You would be a rare individual if you can look back on your younger days and not remember careless driving, drinking and driving, riding with someone who had been drinking or even having a car accident. You can hope your child won’t do one (or all) of these things, but hoping isn’t going to do a single thing to stop them from doing it. Teen-agers have the singular ability to know everything and know nothing at the same time. It’s not their most endearing quality.
But, no matter how aggravating they can be, we love them and want them to lead the best and longest possible lives. In my line of work, I have known the sorrow of clients who have lost a child, or had one seriously injured, in a car accident. It’s heart-breaking – there is no other word for it. The CDC says that on average 3,000 teens are killed in the United States every year. Almost 1/4 of those killed had been drinking and another 1/4 of them had been talking on a cell phone or texting at the time of the accident. The majority of the rest succumb to inexperience. They just haven’t been driving long enough to have the experience to react to or anticipate dangers on the road. They don’t know to steer into a slide, or how not to overcorrect if they drop off the side of the road, or not to follow too closely to another vehicle. There are a few things you can do to improve your teens chances of coming through these critical years unhurt and also not getting on the wrong side of the road.
- While they are still young, you must set a good example for them with your driving. Studies show that 84% of teen drivers emulate their parents driving habits – do not think they aren’t paying attention when you drive too fast, text and drive, drive aggressively etc. because they obviously are.
- Before they get their license, underscore again and again that driving is a privilege, it’s not a right. During anytime, and for any reason you see fit, you can and will take away their access to the car. It’s very embarrassing for a kid who’s driving to school to have to revert to the bus, so don’t be afraid to use that. Also, if they drive drunk or are caught driving recklessly, the law can and will revoke their drivers license and it will cost alot of money and take alot of time to get it back. Plus, if they are over the age of 18, these charges will follow them for the rest of their lives, when they try to get into college, the military, get a job or buy a house.
- Limit their driving at night and especially when they have other teens in the car with them.
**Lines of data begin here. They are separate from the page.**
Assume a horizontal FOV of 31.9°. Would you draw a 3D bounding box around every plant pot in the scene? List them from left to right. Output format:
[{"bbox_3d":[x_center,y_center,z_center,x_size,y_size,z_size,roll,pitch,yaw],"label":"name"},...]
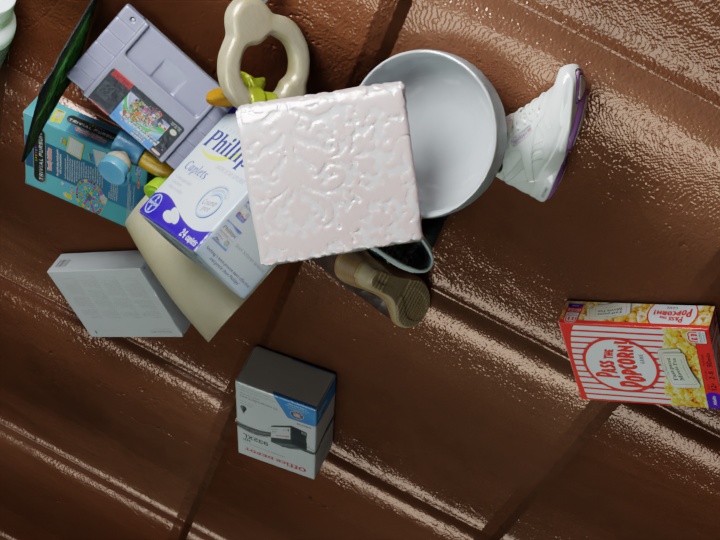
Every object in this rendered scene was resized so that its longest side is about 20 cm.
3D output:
[{"bbox_3d":[-0.229,-0.033,1.786,0.200,0.187,0.187,40,139,-3],"label":"plant pot"}]

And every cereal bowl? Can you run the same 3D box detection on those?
[{"bbox_3d":[0.088,-0.161,1.496,0.200,0.083,0.200,4,98,31],"label":"cereal bowl"}]

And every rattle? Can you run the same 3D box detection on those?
[{"bbox_3d":[-0.142,-0.293,1.545,0.143,0.130,0.200,-133,25,-61],"label":"rattle"}]

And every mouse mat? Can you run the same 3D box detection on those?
[{"bbox_3d":[-0.385,-0.250,1.619,0.008,0.200,0.161,23,141,-9],"label":"mouse mat"}]

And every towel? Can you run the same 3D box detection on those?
[{"bbox_3d":[-0.034,-0.112,1.467,0.200,0.032,0.191,-8,92,5],"label":"towel"}]

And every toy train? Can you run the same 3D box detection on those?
[{"bbox_3d":[-0.250,-0.134,1.722,0.200,0.116,0.085,31,146,-2],"label":"toy train"}]

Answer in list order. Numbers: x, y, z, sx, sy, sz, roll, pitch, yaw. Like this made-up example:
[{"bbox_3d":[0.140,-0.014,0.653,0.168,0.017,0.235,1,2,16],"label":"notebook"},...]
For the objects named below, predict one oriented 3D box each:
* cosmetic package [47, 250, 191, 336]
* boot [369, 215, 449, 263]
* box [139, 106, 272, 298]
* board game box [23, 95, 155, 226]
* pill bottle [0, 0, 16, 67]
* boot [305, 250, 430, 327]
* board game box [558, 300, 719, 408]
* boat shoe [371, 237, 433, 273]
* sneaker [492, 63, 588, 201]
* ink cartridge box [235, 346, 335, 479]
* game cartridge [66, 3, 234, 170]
[{"bbox_3d":[-0.387,0.039,2.039,0.200,0.052,0.151,-1,130,31],"label":"cosmetic package"},{"bbox_3d":[0.026,-0.095,1.638,0.200,0.076,0.168,27,137,-7],"label":"boot"},{"bbox_3d":[-0.151,-0.094,1.589,0.105,0.200,0.184,47,171,-36],"label":"box"},{"bbox_3d":[-0.392,-0.153,1.842,0.200,0.047,0.151,24,140,6],"label":"board game box"},{"bbox_3d":[-0.529,-0.317,1.700,0.111,0.111,0.200,35,140,-8],"label":"pill bottle"},{"bbox_3d":[0.000,0.000,1.767,0.166,0.072,0.200,31,176,35],"label":"boot"},{"bbox_3d":[0.378,0.111,1.675,0.200,0.046,0.152,1,133,29],"label":"board game box"},{"bbox_3d":[0.020,-0.064,1.548,0.201,0.070,0.071,39,177,-31],"label":"boat shoe"},{"bbox_3d":[0.203,-0.162,1.467,0.099,0.075,0.200,22,139,7],"label":"sneaker"},{"bbox_3d":[-0.123,0.236,2.066,0.145,0.084,0.200,18,139,12],"label":"ink cartridge box"},{"bbox_3d":[-0.269,-0.232,1.646,0.200,0.038,0.130,41,95,-15],"label":"game cartridge"}]
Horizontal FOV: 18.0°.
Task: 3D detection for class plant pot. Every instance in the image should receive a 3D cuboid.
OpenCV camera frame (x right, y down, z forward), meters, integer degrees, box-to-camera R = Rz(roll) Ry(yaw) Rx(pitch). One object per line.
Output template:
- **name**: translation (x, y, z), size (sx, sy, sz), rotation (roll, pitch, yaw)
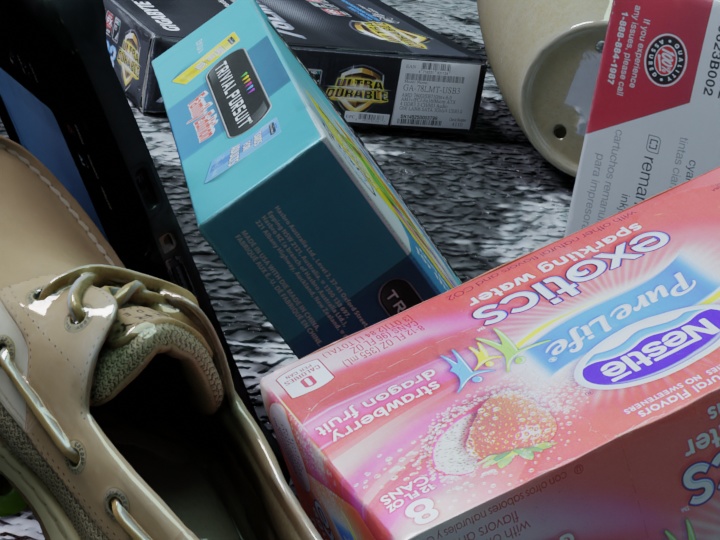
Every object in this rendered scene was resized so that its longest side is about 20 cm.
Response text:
- **plant pot**: translation (0.144, -0.135, 1.250), size (0.187, 0.188, 0.200), rotation (12, 30, 4)

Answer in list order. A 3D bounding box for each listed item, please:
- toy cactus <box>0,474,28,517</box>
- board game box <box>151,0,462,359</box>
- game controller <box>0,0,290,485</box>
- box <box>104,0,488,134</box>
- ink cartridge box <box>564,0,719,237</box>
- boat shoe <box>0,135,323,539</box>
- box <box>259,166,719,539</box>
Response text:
- **toy cactus**: translation (-0.162, 0.024, 0.669), size (0.165, 0.103, 0.200), rotation (-11, 36, -28)
- **board game box**: translation (0.000, 0.000, 0.741), size (0.151, 0.047, 0.200), rotation (53, 4, -20)
- **game controller**: translation (-0.074, -0.014, 0.671), size (0.042, 0.200, 0.104), rotation (-25, 30, -8)
- **box**: translation (-0.057, -0.130, 1.297), size (0.198, 0.050, 0.200), rotation (5, 17, -24)
- **ink cartridge box**: translation (0.214, -0.051, 1.028), size (0.199, 0.146, 0.145), rotation (16, 17, 18)
- **boat shoe**: translation (-0.061, 0.030, 0.587), size (0.071, 0.065, 0.200), rotation (-7, 53, -44)
- **box**: translation (0.090, 0.045, 0.591), size (0.200, 0.095, 0.103), rotation (-25, 27, -13)
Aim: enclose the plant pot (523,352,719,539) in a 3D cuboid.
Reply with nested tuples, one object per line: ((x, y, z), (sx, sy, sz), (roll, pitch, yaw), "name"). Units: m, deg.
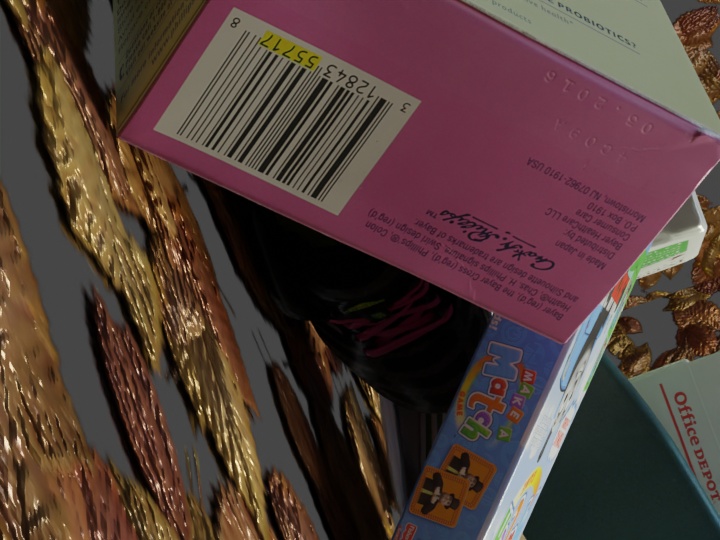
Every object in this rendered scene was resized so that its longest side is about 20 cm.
((0.135, 0.139, 1.204), (0.200, 0.141, 0.141), (64, 4, 19), "plant pot")

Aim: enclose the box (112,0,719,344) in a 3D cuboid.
((0.010, -0.097, 0.692), (0.176, 0.097, 0.200), (24, 30, -24), "box")

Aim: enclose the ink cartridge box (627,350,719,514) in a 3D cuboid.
((0.183, 0.134, 1.309), (0.067, 0.200, 0.117), (45, 26, -75), "ink cartridge box")

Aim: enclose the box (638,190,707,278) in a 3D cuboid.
((0.103, -0.078, 1.298), (0.171, 0.199, 0.200), (26, 46, -81), "box")

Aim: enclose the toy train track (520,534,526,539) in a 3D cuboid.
((0.037, 0.090, 1.011), (0.200, 0.033, 0.115), (60, 17, -26), "toy train track")

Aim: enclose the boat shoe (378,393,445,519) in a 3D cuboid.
((0.041, 0.031, 0.927), (0.067, 0.074, 0.200), (19, 57, -54), "boat shoe")

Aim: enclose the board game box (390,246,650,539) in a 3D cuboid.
((0.066, 0.049, 0.792), (0.200, 0.037, 0.151), (-65, 168, -2), "board game box")

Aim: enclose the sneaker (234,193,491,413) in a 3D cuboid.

Their chances double of being in an accident when they have kids their age in the car with them. If they have to drive at night, have them call you when they get to or leave their destination.
- Let them know that, if they are riding with a teen who has been drinking that they need to get out of the car immediately. Let them know that your relief at their being safe over-rides your irritation they may have been doing something or at someplace you might not approve of. Several times teens indicate that, if they had felt comfortable asking their parents for help, they would have rather than take a ride from a driver who had been drinking.
- Show them carnage. They see alot of what they think is bad stuff on video games and on TV. Let them see what a real mangled car looks like (junkyards are good places) or the internet. Tell them what closed head injuries can do (do they want to be in a wheelchair and have to wear diapers at age 16?) Tell them the penalties involved in causing an accident that hurts someone else or results in charges against your child. They are used to you protecting them when they are young. The teen-age years are a good time to teach them they must assume responsibility for themselves and their own actions.
- Be truthful with them. Tell them it would destroy you and the family to lose them, tell them you rely on them to make good decisions, tell them it’s a big world out there and it’s theirs for the taking, but they have to be responsible and earn their way into it and that means not to make bad decisions.
In closing, your teen already thinks you are lame. soooooooooo lame. You don’t need to be their friend, that will happen when they are older and wiser. Right now you need to be their teacher and teach with a loving but firm hand. Don’t let them rolling their eyes and sighing boredly put you off talking to them. The consequences can be stressful, and sometimes too painful to comprehend.